_Work required:_
List the lines of this listing that hold the word "instrument".

_Provided material:_

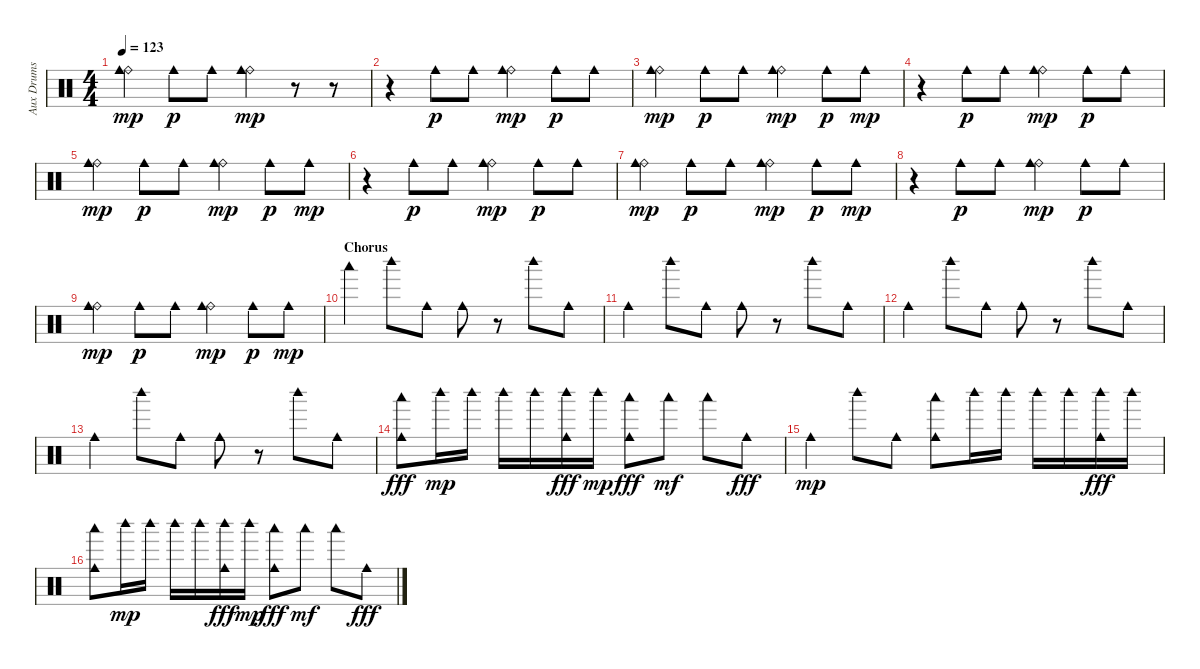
\track ("Aux Drums" "Aux Drums") {instrument percussion}
\staff {score}
\articulation defaults
\ts (4 4)
\tempo 123
\clef neutral
\ks c
("Ride (bell)" "Cowbell medium (hit)").4{dy mp} "Cowbell medium (hit)".8{dy p} "Cowbell medium (hit)".8 ("Ride (bell)" "Cowbell medium (hit)").4{dy mp} r.8 r.8 |
r.4 "Cowbell medium (hit)".8{dy p} "Cowbell medium (hit)".8 ("Ride (bell)" "Cowbell medium (hit)").4{dy mp} "Cowbell medium (hit)".8{dy p} "Cowbell medium (hit)".8 |
("Ride (bell)" "Cowbell medium (hit)").4{dy mp} "Cowbell medium (hit)".8{dy p} "Cowbell medium (hit)".8 ("Ride (bell)" "Cowbell medium (hit)").4{dy mp} "Cowbell medium (hit)".8{dy p} "Cowbell medium (hit)".8{dy mp} |
r.4 "Cowbell medium (hit)".8{dy p} "Cowbell medium (hit)".8 ("Ride (bell)" "Cowbell medium (hit)").4{dy mp} "Cowbell medium (hit)".8{dy p} "Cowbell medium (hit)".8 |
("Ride (bell)" "Cowbell medium (hit)").4{dy mp} "Cowbell medium (hit)".8{dy p} "Cowbell medium (hit)".8 ("Ride (bell)" "Cowbell medium (hit)").4{dy mp} "Cowbell medium (hit)".8{dy p} "Cowbell medium (hit)".8{dy mp} |
r.4 "Cowbell medium (hit)".8{dy p} "Cowbell medium (hit)".8 ("Ride (bell)" "Cowbell medium (hit)").4{dy mp} "Cowbell medium (hit)".8{dy p} "Cowbell medium (hit)".8 |
("Ride (bell)" "Cowbell medium (hit)").4{dy mp} "Cowbell medium (hit)".8{dy p} "Cowbell medium (hit)".8 ("Ride (bell)" "Cowbell medium (hit)").4{dy mp} "Cowbell medium (hit)".8{dy p} "Cowbell medium (hit)".8{dy mp} |
r.4 "Cowbell medium (hit)".8{dy p} "Cowbell medium (hit)".8 ("Ride (bell)" "Cowbell medium (hit)").4{dy mp} "Cowbell medium (hit)".8{dy p} "Cowbell medium (hit)".8 |
("Ride (bell)" "Cowbell medium (hit)").4{dy mp} "Cowbell medium (hit)".8{dy p} "Cowbell medium (hit)".8 ("Ride (bell)" "Cowbell medium (hit)").4{dy mp} "Cowbell medium (hit)".8{dy p} "Cowbell medium (hit)".8{dy mp} |
\section ("" "Chorus")
"Woodblock low (hit)".4 "Woodblock high (hit)".8 "Cowbell medium (hit)".8 "Cowbell medium (hit)".8 r.8 "Woodblock high (hit)".8 "Cowbell medium (hit)".8 |
"Cowbell medium (hit)".4 "Woodblock high (hit)".8 "Cowbell medium (hit)".8 "Cowbell medium (hit)".8 r.8 "Woodblock high (hit)".8 "Cowbell medium (hit)".8 |
"Cowbell medium (hit)".4 "Woodblock high (hit)".8 "Cowbell medium (hit)".8 "Cowbell medium (hit)".8 r.8 "Woodblock high (hit)".8 "Cowbell medium (hit)".8 |
"Cowbell medium (hit)".4 "Woodblock high (hit)".8 "Cowbell medium (hit)".8 "Cowbell medium (hit)".8 r.8 "Woodblock high (hit)".8 "Cowbell medium (hit)".8 |
("Woodblock low (hit)" "Cowbell medium (hit)").8{dy fff} "Woodblock high (hit)".16{dy mp} "Woodblock high (hit)".16 "Woodblock high (hit)".16 "Woodblock high (hit)".16 ("Woodblock high (hit)" "Cowbell medium (hit)").16{dy fff} "Woodblock high (hit)".16{dy mp} ("Woodblock low (hit)" "Cowbell medium (hit)").8{dy fff} "Woodblock low (hit)".8{dy mf} "Woodblock low (hit)".8 "Cowbell medium (hit)".8{dy fff} |
"Cowbell medium (hit)".4{dy mp} "Woodblock high (hit)".8 "Cowbell medium (hit)".8 ("Woodblock low (hit)" "Cowbell medium (hit)").8 "Woodblock high (hit)".16 "Woodblock high (hit)".16 "Woodblock high (hit)".16 "Woodblock high (hit)".16 ("Woodblock high (hit)" "Cowbell medium (hit)").16{dy fff} "Woodblock high (hit)".16 |
("Woodblock low (hit)" "Cowbell medium (hit)").8 "Woodblock high (hit)".16{dy mp} "Woodblock high (hit)".16 "Woodblock high (hit)".16 "Woodblock high (hit)".16 ("Woodblock high (hit)" "Cowbell medium (hit)").16{dy fff} "Woodblock high (hit)".16{dy mp} ("Woodblock low (hit)" "Cowbell medium (hit)").8{dy fff} "Woodblock low (hit)".8{dy mf} "Woodblock low (hit)".8 "Cowbell medium (hit)".8{dy fff}
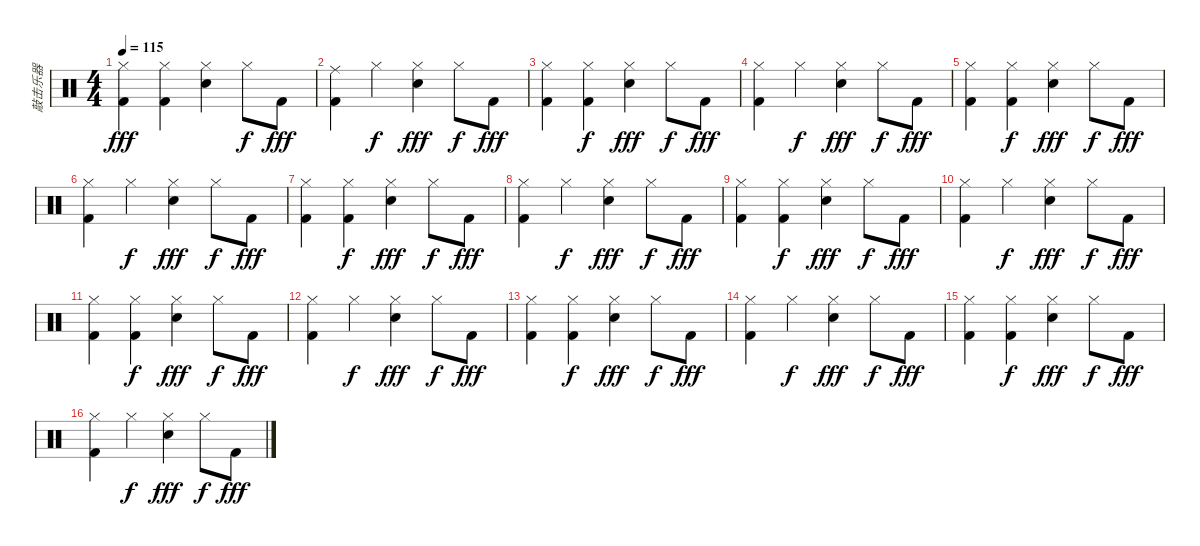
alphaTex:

\track ("敲击乐器" "敲击乐器") {instrument percussion}
\staff {score}
\articulation defaults
\ts (4 4)
\tempo 115
\clef neutral
\ks c
("Hi-Hat (closed)" "Kick (hit) 2").4{dy fff} ("Hi-Hat (closed)" "Kick (hit) 2").4 ("Hi-Hat (closed)" "Snare (hit) 2").4 "Hi-Hat (closed)".8{dy f} "Kick (hit) 2".8{dy fff} |
("Ride (middle)" "Kick (hit) 2").4 "Hi-Hat (closed)".4{dy f} ("Hi-Hat (closed)" "Snare (hit) 2").4{dy fff} "Hi-Hat (closed)".8{dy f} "Kick (hit) 2".8{dy fff} |
("Hi-Hat (closed)" "Kick (hit) 2").4 ("Hi-Hat (closed)" "Kick (hit) 2").4{dy f} ("Hi-Hat (closed)" "Snare (hit) 2").4{dy fff} "Hi-Hat (closed)".8{dy f} "Kick (hit) 2".8{dy fff} |
("Hi-Hat (closed)" "Kick (hit) 2").4 "Hi-Hat (closed)".4{dy f} ("Hi-Hat (closed)" "Snare (hit) 2").4{dy fff} "Hi-Hat (closed)".8{dy f} "Kick (hit) 2".8{dy fff} |
("Hi-Hat (closed)" "Kick (hit) 2").4 ("Hi-Hat (closed)" "Kick (hit) 2").4{dy f} ("Hi-Hat (closed)" "Snare (hit) 2").4{dy fff} "Hi-Hat (closed)".8{dy f} "Kick (hit) 2".8{dy fff} |
("Hi-Hat (closed)" "Kick (hit) 2").4 "Hi-Hat (closed)".4{dy f} ("Hi-Hat (closed)" "Snare (hit) 2").4{dy fff} "Hi-Hat (closed)".8{dy f} "Kick (hit) 2".8{dy fff} |
("Hi-Hat (closed)" "Kick (hit) 2").4 ("Hi-Hat (closed)" "Kick (hit) 2").4{dy f} ("Hi-Hat (closed)" "Snare (hit) 2").4{dy fff} "Hi-Hat (closed)".8{dy f} "Kick (hit) 2".8{dy fff} |
("Hi-Hat (closed)" "Kick (hit) 2").4 "Hi-Hat (closed)".4{dy f} ("Hi-Hat (closed)" "Snare (hit) 2").4{dy fff} "Hi-Hat (closed)".8{dy f} "Kick (hit) 2".8{dy fff} |
("Hi-Hat (closed)" "Kick (hit) 2").4 ("Hi-Hat (closed)" "Kick (hit) 2").4{dy f} ("Hi-Hat (closed)" "Snare (hit) 2").4{dy fff} "Hi-Hat (closed)".8{dy f} "Kick (hit) 2".8{dy fff} |
("Hi-Hat (closed)" "Kick (hit) 2").4 "Hi-Hat (closed)".4{dy f} ("Hi-Hat (closed)" "Snare (hit) 2").4{dy fff} "Hi-Hat (closed)".8{dy f} "Kick (hit) 2".8{dy fff} |
("Hi-Hat (closed)" "Kick (hit) 2").4 ("Hi-Hat (closed)" "Kick (hit) 2").4{dy f} ("Hi-Hat (closed)" "Snare (hit) 2").4{dy fff} "Hi-Hat (closed)".8{dy f} "Kick (hit) 2".8{dy fff} |
("Hi-Hat (closed)" "Kick (hit) 2").4 "Hi-Hat (closed)".4{dy f} ("Hi-Hat (closed)" "Snare (hit) 2").4{dy fff} "Hi-Hat (closed)".8{dy f} "Kick (hit) 2".8{dy fff} |
("Hi-Hat (closed)" "Kick (hit) 2").4 ("Hi-Hat (closed)" "Kick (hit) 2").4{dy f} ("Hi-Hat (closed)" "Snare (hit) 2").4{dy fff} "Hi-Hat (closed)".8{dy f} "Kick (hit) 2".8{dy fff} |
("Hi-Hat (closed)" "Kick (hit) 2").4 "Hi-Hat (closed)".4{dy f} ("Hi-Hat (closed)" "Snare (hit) 2").4{dy fff} "Hi-Hat (closed)".8{dy f} "Kick (hit) 2".8{dy fff} |
("Hi-Hat (closed)" "Kick (hit) 2").4 ("Hi-Hat (closed)" "Kick (hit) 2").4{dy f} ("Hi-Hat (closed)" "Snare (hit) 2").4{dy fff} "Hi-Hat (closed)".8{dy f} "Kick (hit) 2".8{dy fff} |
("Hi-Hat (closed)" "Kick (hit) 2").4 "Hi-Hat (closed)".4{dy f} ("Hi-Hat (closed)" "Snare (hit) 2").4{dy fff} "Hi-Hat (closed)".8{dy f} "Kick (hit) 2".8{dy fff}

_Written response:_
\track ("Aux Drums" "Aux Drums") {instrument percussion}
\track ("敲击乐器" "敲击乐器") {instrument percussion}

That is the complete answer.